К моему величайшему изумлению, дверь в квартиру оказалась не заперта, а из-за нее раздавались негромкие звуки вальса Шуберта…
У нас был патефон и соответствующие пластинки, и если бы Франк был жив, я бы сказала, что это он.
Но Франк погиб в России полтора года назад. Я подумала, что, скорее всего, в домоуправлении, когда меня забрали во фраубатальон, решили, что я выбыла навсегда, и поселили в мою квартиру новых жильцов. Наверное, мне нужно было сначала уладить все формальности (ибо имеющиеся у меня документы полностью легализовали мое положение), но меня будто черт толкал вперед…
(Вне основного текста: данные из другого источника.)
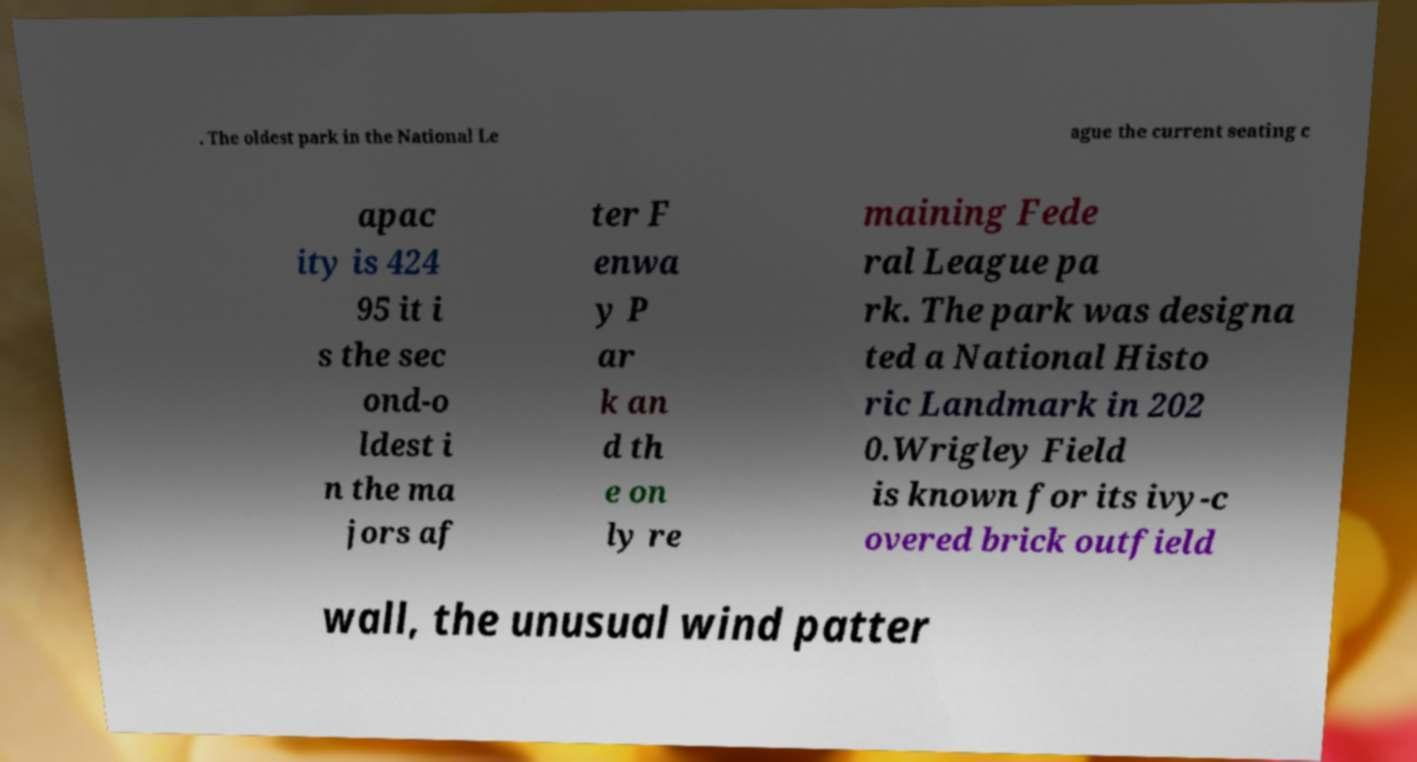Please read and relay the text visible in this image. What does it say? . The oldest park in the National Le ague the current seating c apac ity is 424 95 it i s the sec ond-o ldest i n the ma jors af ter F enwa y P ar k an d th e on ly re maining Fede ral League pa rk. The park was designa ted a National Histo ric Landmark in 202 0.Wrigley Field is known for its ivy-c overed brick outfield wall, the unusual wind patter

Повернув ручку, я тихонько вошла – и сразу же в прихожей нос к носу столкнулась с русским офицером. Я тут же отпрянула и невольно приложила руку к груди. Удивленно моргая, я глядела на мужчину, который тоже, замерев, смотрел на меня. Это был ТОТ САМЫЙ русский офицер! Который в ТОТ ДЕНЬ спас жизнь мне и моим товаркам, и о котором в последнее время были все мои тайные мысли. Теперь мы смотрели друг на друга с такого расстояния, что я могла бы протянуть руку и провести пальцами по его лицу… По его красивому, благородному лицу… Разве не об этом грезилось мне все эти дни?
Предательски краснея, дрожащей рукой я расстегнула нагрудный карман френча, достала свои документы и протянула ему. Больше всего я боялась, что он сейчас закричит, затопает ногами и скажет, что теперь тут живет он, а я должна убираться прочь. Впрочем, я не верила, что такое может произойти. От него исходило ощущение спокойной надежности, уверенности и защиты. Не может человек С ТАКИМ ЛИЦОМ быть грубым с женщиной. Впрочем, это стало мне понятно еще тогда, когда наши взгляды пересеклись впервые.
Пока он просматривал документы, я наблюдала за ним. Он был так близко… Я даже чувствовала тепло его тела. В неярком, падающем сверху свете электрической лампы на лице его играли тени, подчеркивая суровую мужественность его черт. Отчего-то сердце мое стало биться сильно-сильно. Я смотрела на его руки с длинными аристократическими пальцами – ах, как мне всегда нравились такие мужские руки! У Франка руки были совсем другие – «крестьянские»: квадратные, с короткими пальцами. Но в этом русском чувствовалась «порода». Высокий и стройный, широкоплечий – у него, должно быть, очень красивое тело…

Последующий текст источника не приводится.